Six new MDA5+ cases were identified between January 2018 and December 2019, indicating 1.2% and 0.4% immunoblot MSA positivity in the respective years. However, after the second wave of COVID-19, there was a rapid increase in new MDA5+ cases. More specifically, the number of new cases in 2020, 2021 and 2022 were nine, 35 and 16 respectively. Therefore, the MDA5 positivity rate increased from 1.2% in 2018 to 1.7% in 2022.

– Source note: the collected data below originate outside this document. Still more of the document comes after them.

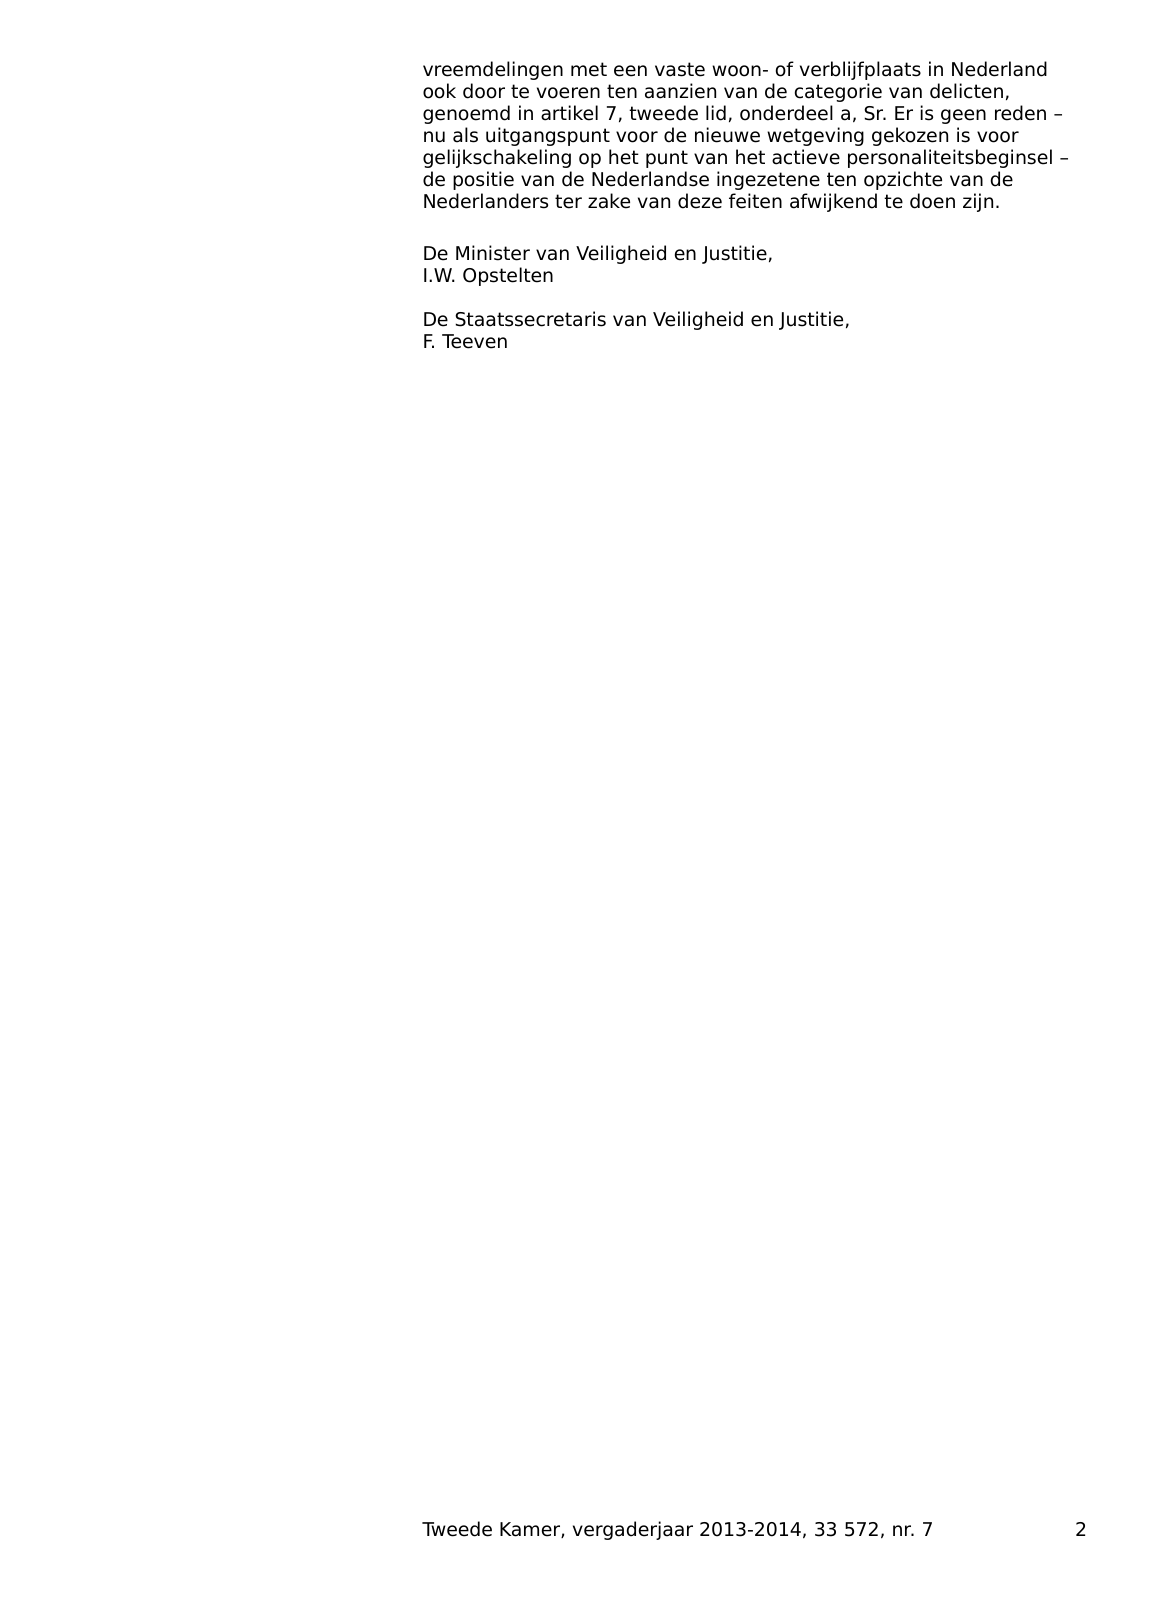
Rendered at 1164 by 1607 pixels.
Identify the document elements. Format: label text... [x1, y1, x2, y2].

text De Minister van Veiligheid en Justitie, I.W. Opstelten [422, 243, 1087, 287]
text De Staatssecretaris van Veiligheid en Justitie, F. Teeven [422, 309, 1087, 353]
text vreemdelingen met een vaste woon- of verblijfplaats in Nederland ook door te voeren ten aanzien van de categorie van delicten, genoemd in artikel 7, tweede lid, onderdeel a, Sr. Er is geen reden – nu als uitgangspunt voor de nieuwe wetgeving gekozen is voor gelijkschakeling op het punt van het actieve personaliteitsbeginsel – de positie van de Nederlandse ingezetene ten opzichte van de Nederlanders ter zake van deze feiten afwijkend te doen zijn. [422, 59, 1087, 213]
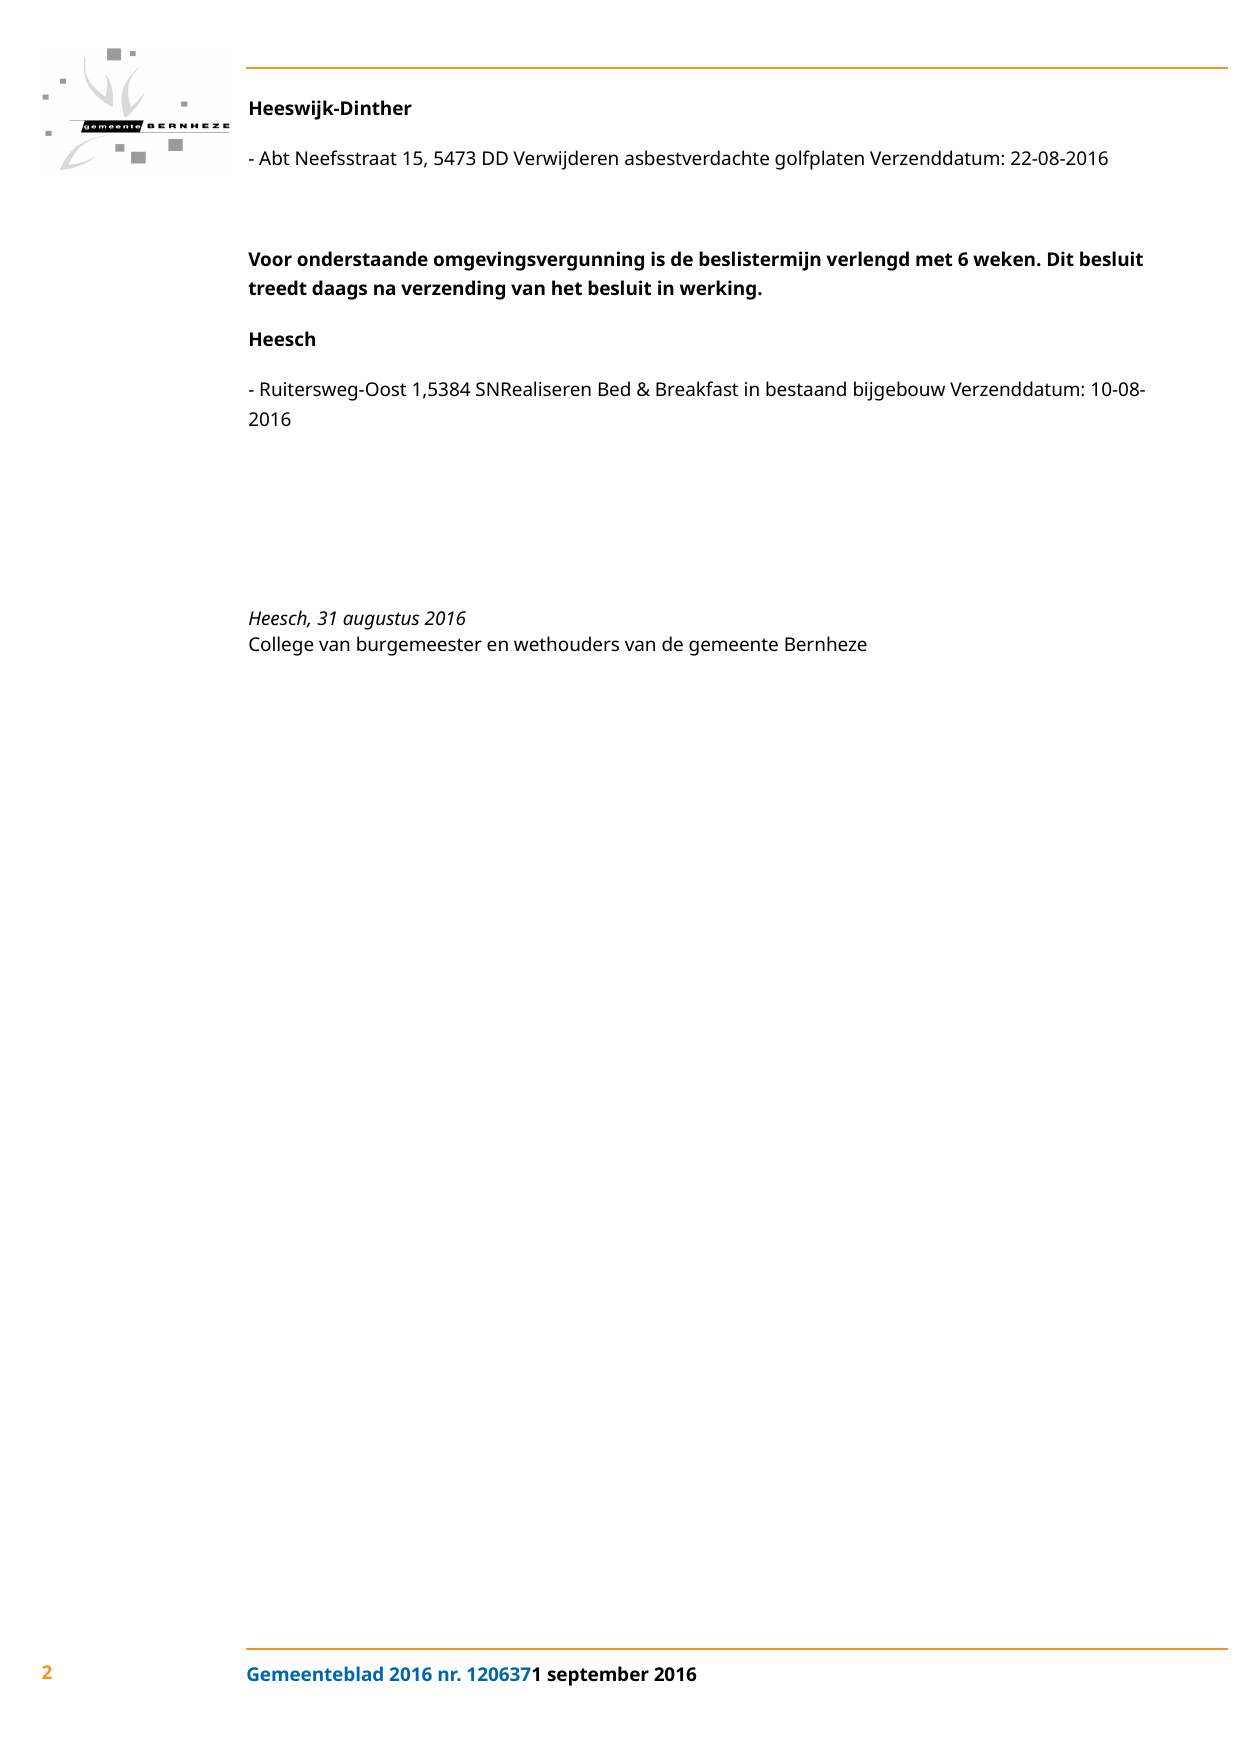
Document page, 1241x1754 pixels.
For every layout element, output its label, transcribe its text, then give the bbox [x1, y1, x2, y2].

About 42% of MDA5+ cases were associated with progressive ILD, with about 33% showing aggressive MDA5+-ILD. Both transcriptomic data analysis and clinical epidemiological observations indicated that the increase in MDA5 autoimmunity and ILD during COVID-19 could be due to shared aberrant IFN responses centered on type 1 but not in IPF.

Considering the findings of the study and similar cases reported internationally, the current study proposed the terms MDA5-autoimmunity and MIP-C. The advantage of this acronym lies in the distinct features that can separate MIP-C from the MDA5+ DM57 adult syndrome. For example, the MIP-C phenotype has similarities to multisystem inflammatory syndrome in children (MIS-C), even in some cases where the patient had no history of COVID-19.

About 42% of new cases were unvaccinated prior to MDA5+ disease and represented milder COVID-19 infection, which could be sufficient to induce MDA5 autoimmunity.

An immune response or autoimmunity against MDA5 upon exposure to SARS-CoV-2 and/or vaccine was assessed. This demonstrated novel immunogenicity in non-immune subjects after RNA interference with MDA5 increased the cytokine response and induced autoimmune disease.

Theoretically, the development of herd immunity and reduced exposure to SARS-CoV-2 contributed to milder symptoms in the MIP-C cohort. Taken together, activation of MDA5 protein through natural infection or vaccination can potentially induce MIP-C.

conclusions

The current transcriptional analysis elucidated the possible causal relationship between the increase in anti-MDA5 positivity, COVID-19 and autoimmune ILD. In the future, these findings need to be validated using multicenter cohorts in different nations.